Taking the line with "date: 1600-1699" as the first, copy every line through the end of the records below exactly. Do not include pictures.

+++ Information supplied

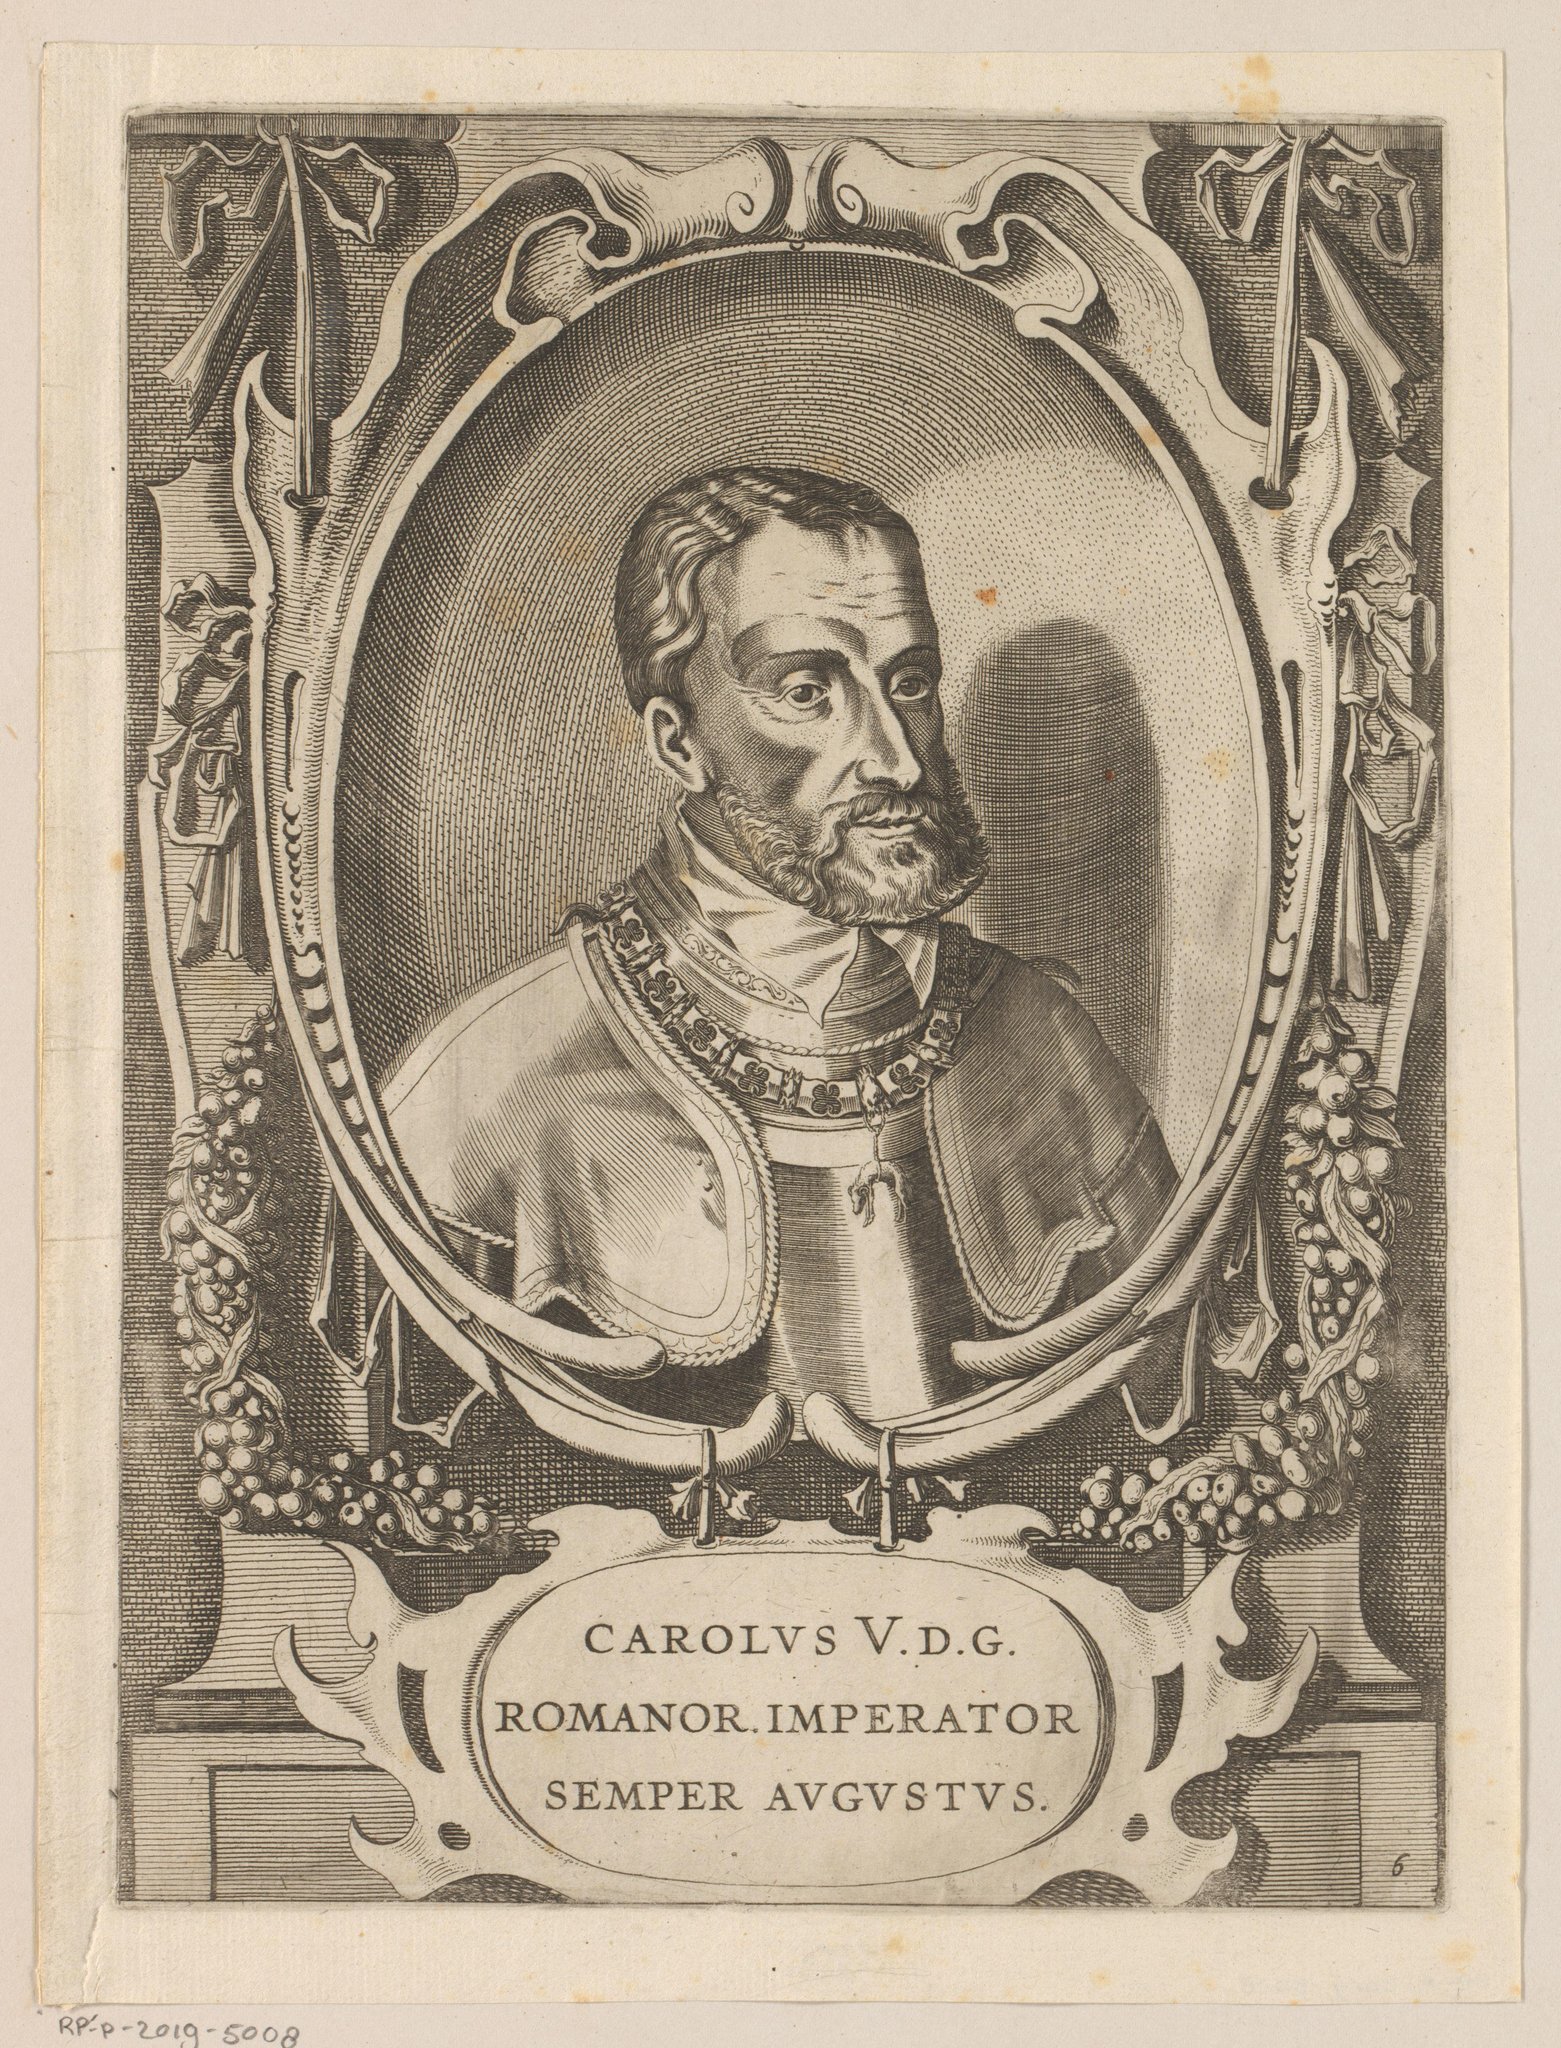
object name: print
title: Portret van keizer Karel V
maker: Anonymous
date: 1600-1699
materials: paper
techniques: engraving, etching
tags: ghent, charles v (holy roman emperor and king of spain), armour, historical persons, knighthood order of the golden fleece - insignia of a knighthood order, e.g.: badge, chain (with name of order)
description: Met om zijn nek de keten van de Orde van het Gulden Vlies. Rechtsonder genummerd: 6.
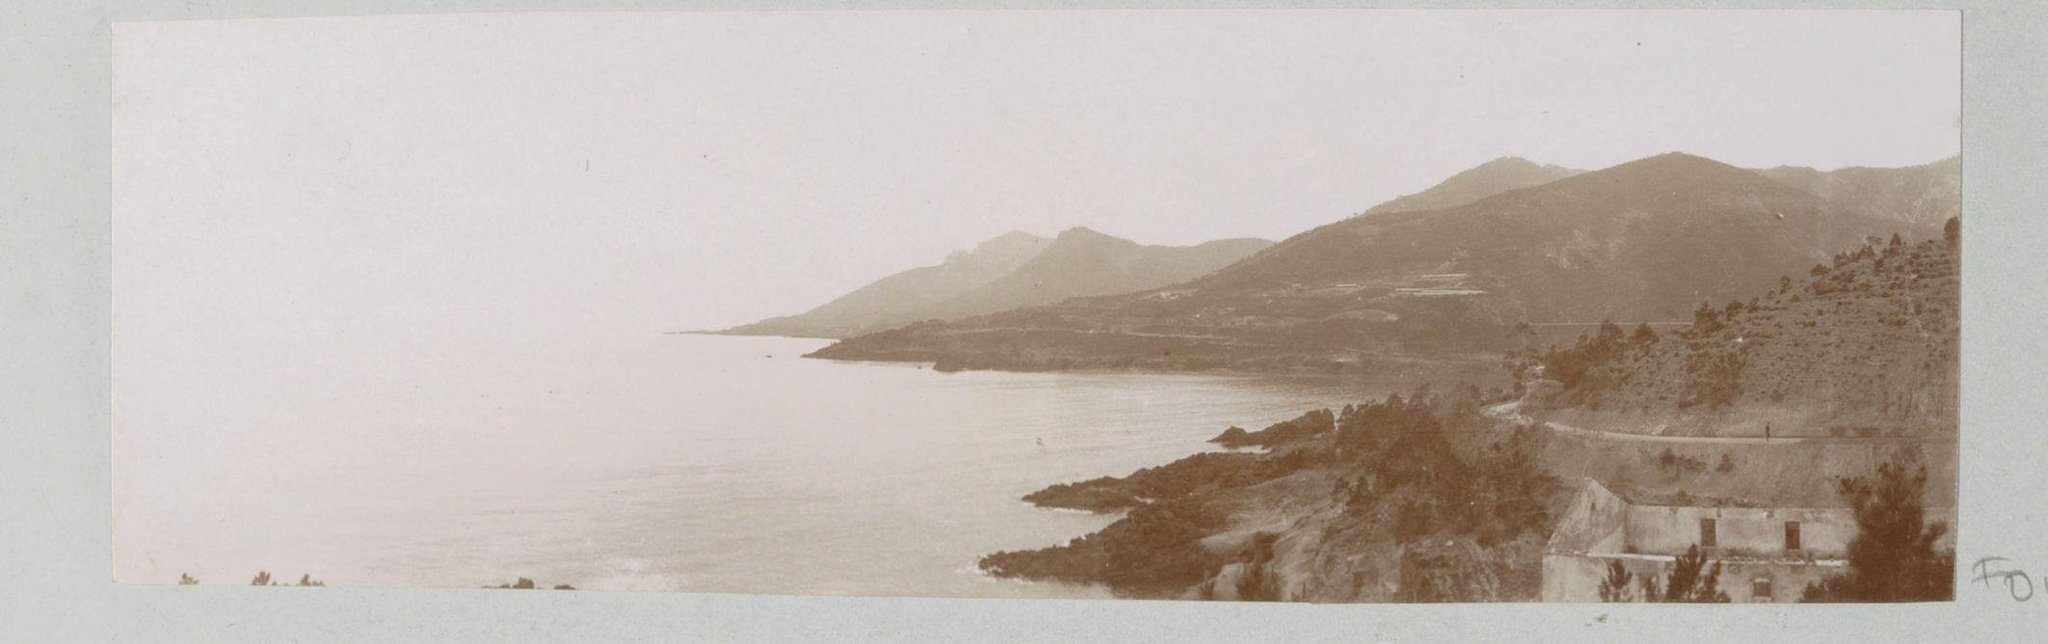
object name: panoramic photograph
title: Gezicht op de kust bij (vermoedelijk) Carqueiranne
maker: delizy
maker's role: manufacturer
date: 1903
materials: paper, photographic support
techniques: gelatin silver print
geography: carqueiranne
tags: coast
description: Onderdeel van Fotoalbum van een Franse amateurfotograaf met opnames van uitstapjes in Frankrijk, Spanje, België, Luxemburg en Nederland, de eerste automobielen en autoraces.

++++++

Task response:
date: 1600-1699
materials: paper
techniques: engraving, etching
tags: ghent, charles v (holy roman emperor and king of spain), armour, historical persons, knighthood order of the golden fleece - insignia of a knighthood order, e.g.: badge, chain (with name of order)
description: Met om zijn nek de keten van de Orde van het Gulden Vlies. Rechtsonder genummerd: 6.
object name: panoramic photograph
title: Gezicht op de kust bij (vermoedelijk) Carqueiranne
maker: delizy
maker's role: manufacturer
date: 1903
materials: paper, photographic support
techniques: gelatin silver print
geography: carqueiranne
tags: coast
description: Onderdeel van Fotoalbum van een Franse amateurfotograaf met opnames van uitstapjes in Frankrijk, Spanje, België, Luxemburg en Nederland, de eerste automobielen en autoraces.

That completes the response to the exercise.